Must God save everyone?

crossFollowing up on yesterday’s questions, I want to think about God’s obligation in terms of salvation. To what extent would it be a “character flaw” if God didn’t save the vast majority of people? Is it enough that God has given mankind life or must he also extend that life beyond the grave in order to be seen as just and loving?

Is Jesus’ act of atonement a failure if only a minority of people are saved? Does God have to save most if not all? Is the condemnation of some a sign that God’s design was imperfect?

I’d love to hear your thoughts on these ideas or yesterday’s questions.

2 thoughts on “Must God save everyone?

  1. Nick Gill

    At this point in my reading and studying and praying, I still don’t believe there is a design FLAW. However, as with many systems or designs or inventions, what one person considers a flaw, another considers a feature.

    I picked up Dallas Willard’s Divine Conspiracy again last night, and he quotes Uncle Screwtape in the very beginning:

    “You must have often wondered why the enemy [God] does not make more use of his power to be sensibly present to human souls in any degree he chooses and at any moment.
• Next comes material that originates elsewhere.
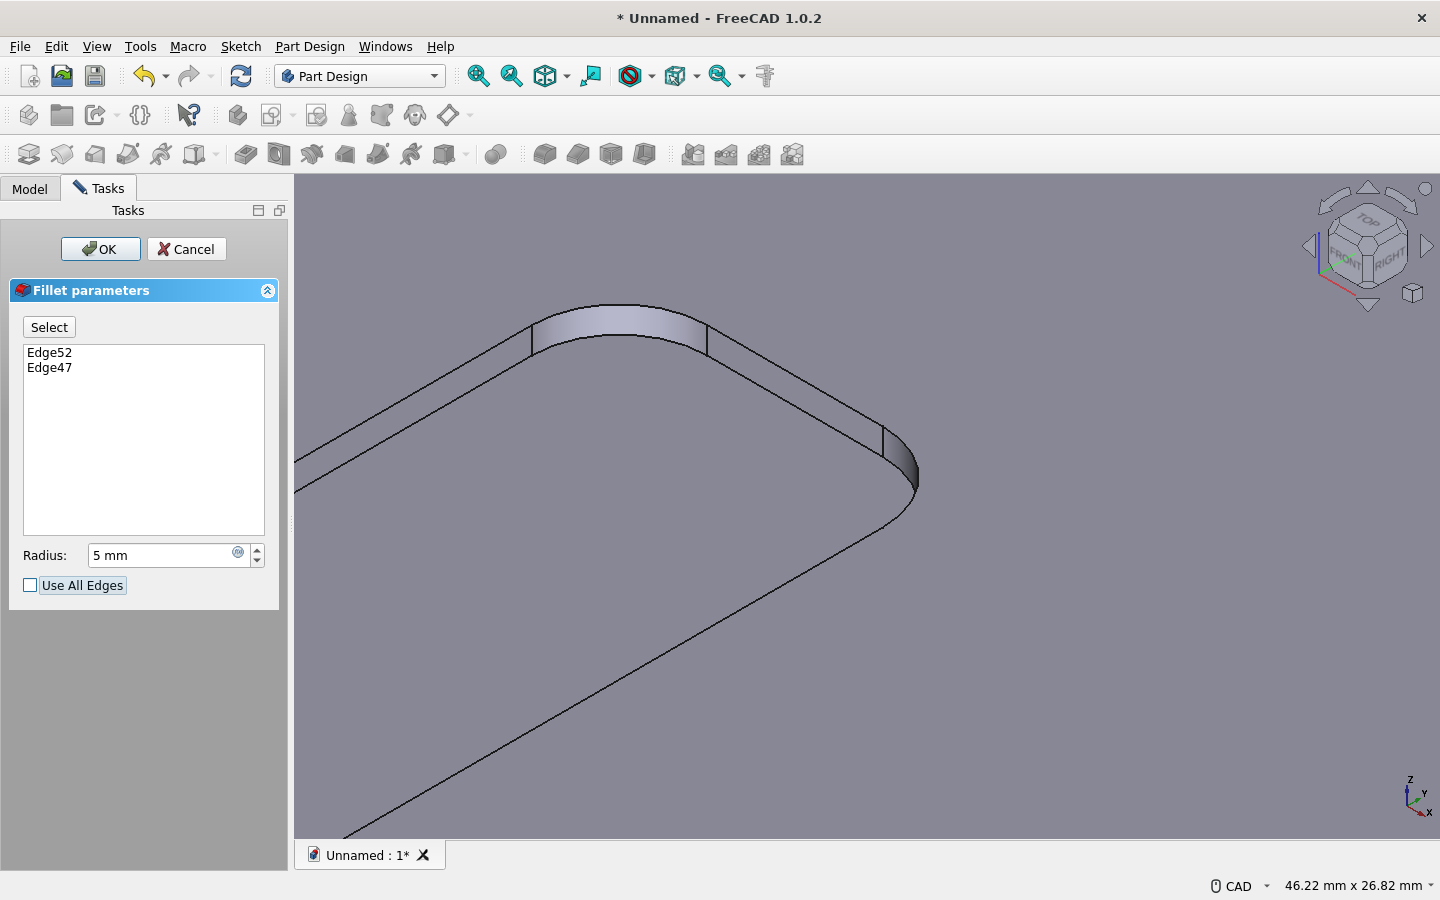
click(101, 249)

But you now see that the irresistible and the indisputable are the two weapons which the very nature of his scheme forbids him to use. Merely to over-ride a human will (as his felt presence in any but the faintest and most mitigated degree would certainly do) would be for him useless. He cannot ravish. He can only woo. For his ignoble idea is to eat the cake and have it; the creatures are to be one with him, but yet themselves; merely to cancel them, or assimilate them, will not serve…”

    In fact, from at least one perspective (the author/compiler of Job, I think, along with CS Lewis), this is precisely the argument between the Creator and the satan — whether or not love and free will — and God choosing to honor their consequences — are features or flaws in the Creator’s design.

  2. Harland Rall

    My first reaction was to comment on human failure–and I think that Nick treats that point with clarity. Then I started to emphasize a different aspect that was, again, grounded in human failure. Which was changing the topic–or avoiding it. Instead of any one person being lost being a proof that God’s design failed, it seems that if there is any one person saved–it is proof of the marvelous success of God’s design. To be rescued from ourselves and from our limitations is proof that the design works. And is appropriate adjusted to all circumstances.